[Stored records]
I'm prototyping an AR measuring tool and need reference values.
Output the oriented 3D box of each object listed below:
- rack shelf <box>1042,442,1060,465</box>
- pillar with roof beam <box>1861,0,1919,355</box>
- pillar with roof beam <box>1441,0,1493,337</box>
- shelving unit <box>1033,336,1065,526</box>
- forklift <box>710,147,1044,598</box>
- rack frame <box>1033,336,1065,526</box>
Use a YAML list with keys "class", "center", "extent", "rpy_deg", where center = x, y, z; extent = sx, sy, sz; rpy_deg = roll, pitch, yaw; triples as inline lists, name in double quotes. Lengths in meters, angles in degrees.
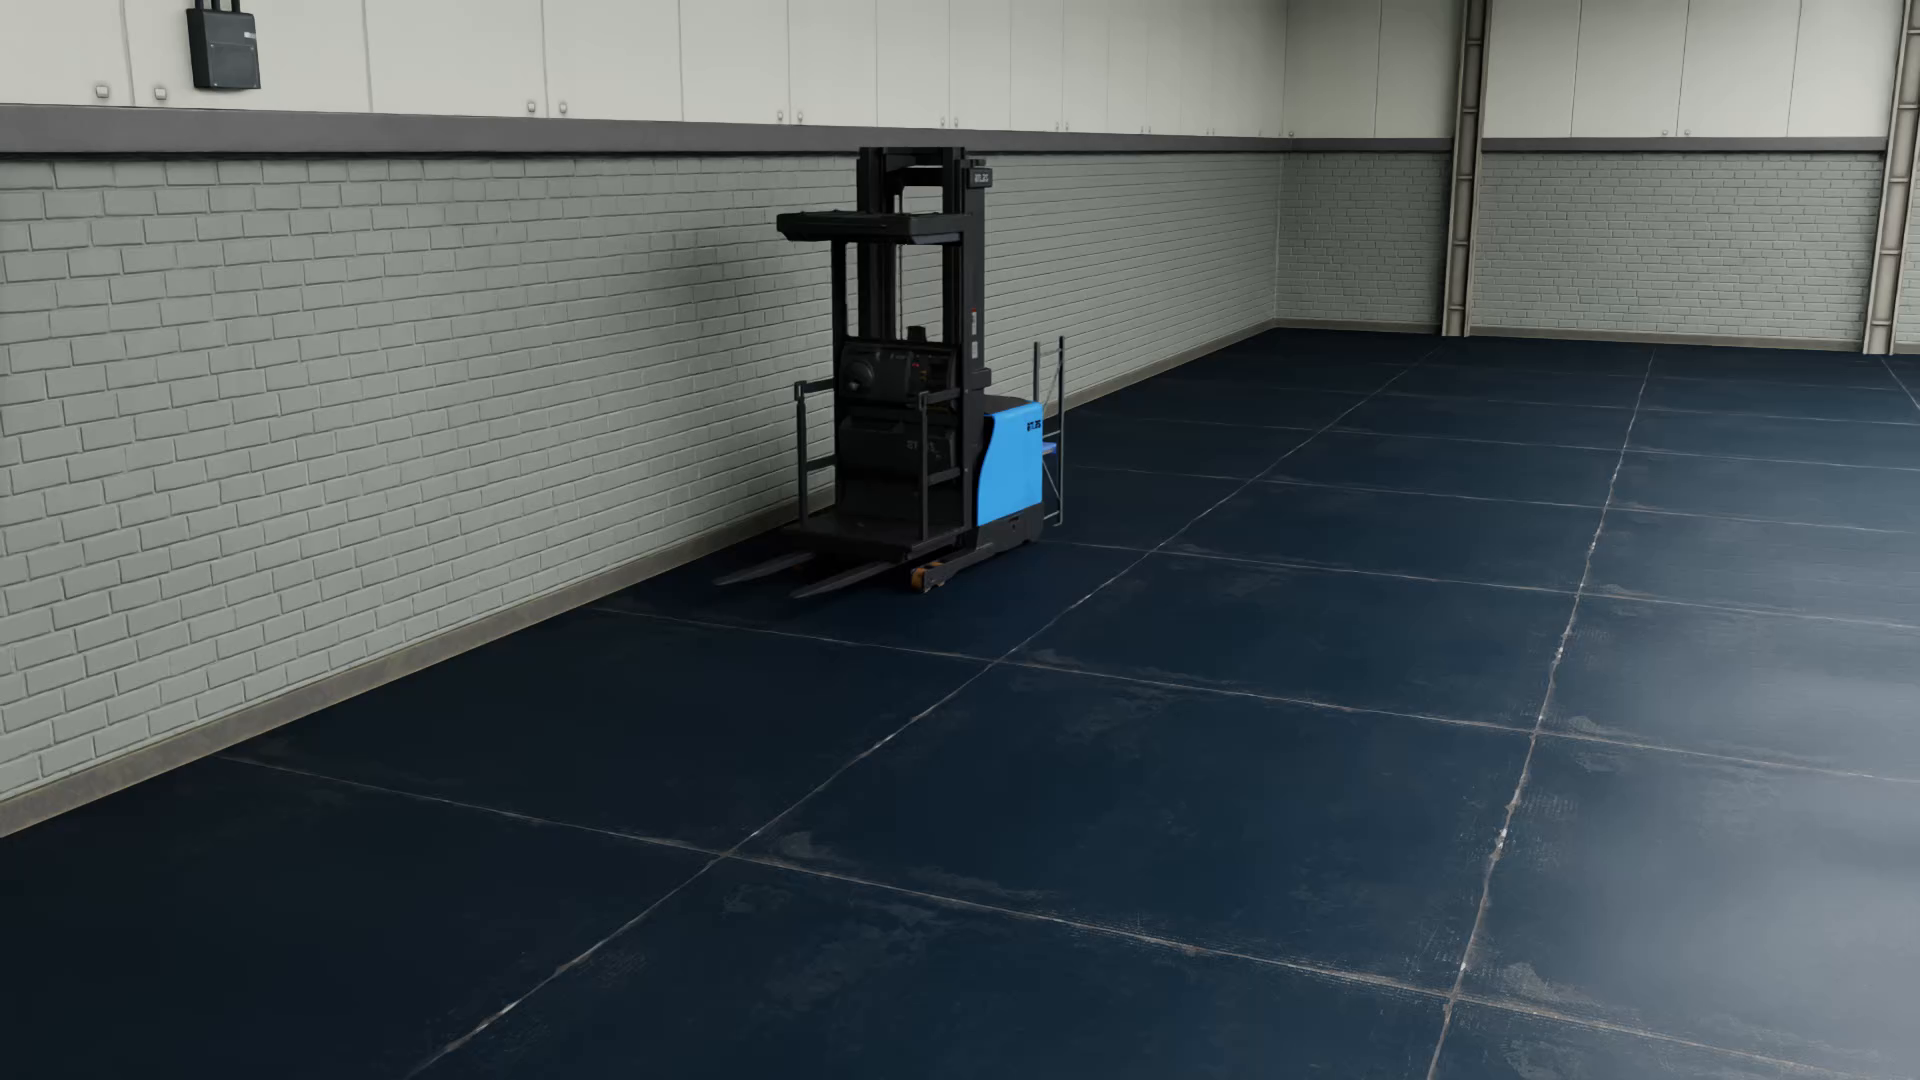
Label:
- class: "rack shelf"
  center: [0.239, -0.693, 13.210]
  extent: [1.000, 0.185, 0.538]
  rpy_deg: [7, 15, 27]
- class: "pillar with roof beam"
  center: [11.729, -6.223, 19.576]
  extent: [0.400, 9.000, 9.100]
  rpy_deg: [6, 14, 23]
- class: "pillar with roof beam"
  center: [6.243, -6.778, 21.942]
  extent: [0.400, 9.000, 9.100]
  rpy_deg: [6, 14, 23]
- class: "shelving unit"
  center: [0.239, -0.868, 13.169]
  extent: [1.048, 1.500, 0.538]
  rpy_deg: [7, 15, 27]
- class: "forklift"
  center: [-0.540, -1.191, 11.416]
  extent: [1.130, 2.935, 3.031]
  rpy_deg: [8, 15, 29]
- class: "rack frame"
  center: [0.688, -0.813, 12.936]
  extent: [0.032, 1.500, 0.500]
  rpy_deg: [7, 15, 27]

Requirement: Please give the data above again in exact form and omit every picture.

Task response:
I'm prototyping an AR measuring tool and need reference values.
Output the oriented 3D box of each object listed below:
- rack shelf <box>1042,442,1060,465</box>
- pillar with roof beam <box>1861,0,1919,355</box>
- pillar with roof beam <box>1441,0,1493,337</box>
- shelving unit <box>1033,336,1065,526</box>
- forklift <box>710,147,1044,598</box>
- rack frame <box>1033,336,1065,526</box>
Use a YAML list with keys "class", "center", "extent", "rpy_deg", where center = x, y, z; extent = sx, sy, sz; rpy_deg = roll, pitch, yaw; triples as inline lists, name in double quotes. Lengths in meters, angles in degrees.
Label:
- class: "rack shelf"
  center: [0.239, -0.693, 13.210]
  extent: [1.000, 0.185, 0.538]
  rpy_deg: [7, 15, 27]
- class: "pillar with roof beam"
  center: [11.729, -6.223, 19.576]
  extent: [0.400, 9.000, 9.100]
  rpy_deg: [6, 14, 23]
- class: "pillar with roof beam"
  center: [6.243, -6.778, 21.942]
  extent: [0.400, 9.000, 9.100]
  rpy_deg: [6, 14, 23]
- class: "shelving unit"
  center: [0.239, -0.868, 13.169]
  extent: [1.048, 1.500, 0.538]
  rpy_deg: [7, 15, 27]
- class: "forklift"
  center: [-0.540, -1.191, 11.416]
  extent: [1.130, 2.935, 3.031]
  rpy_deg: [8, 15, 29]
- class: "rack frame"
  center: [0.688, -0.813, 12.936]
  extent: [0.032, 1.500, 0.500]
  rpy_deg: [7, 15, 27]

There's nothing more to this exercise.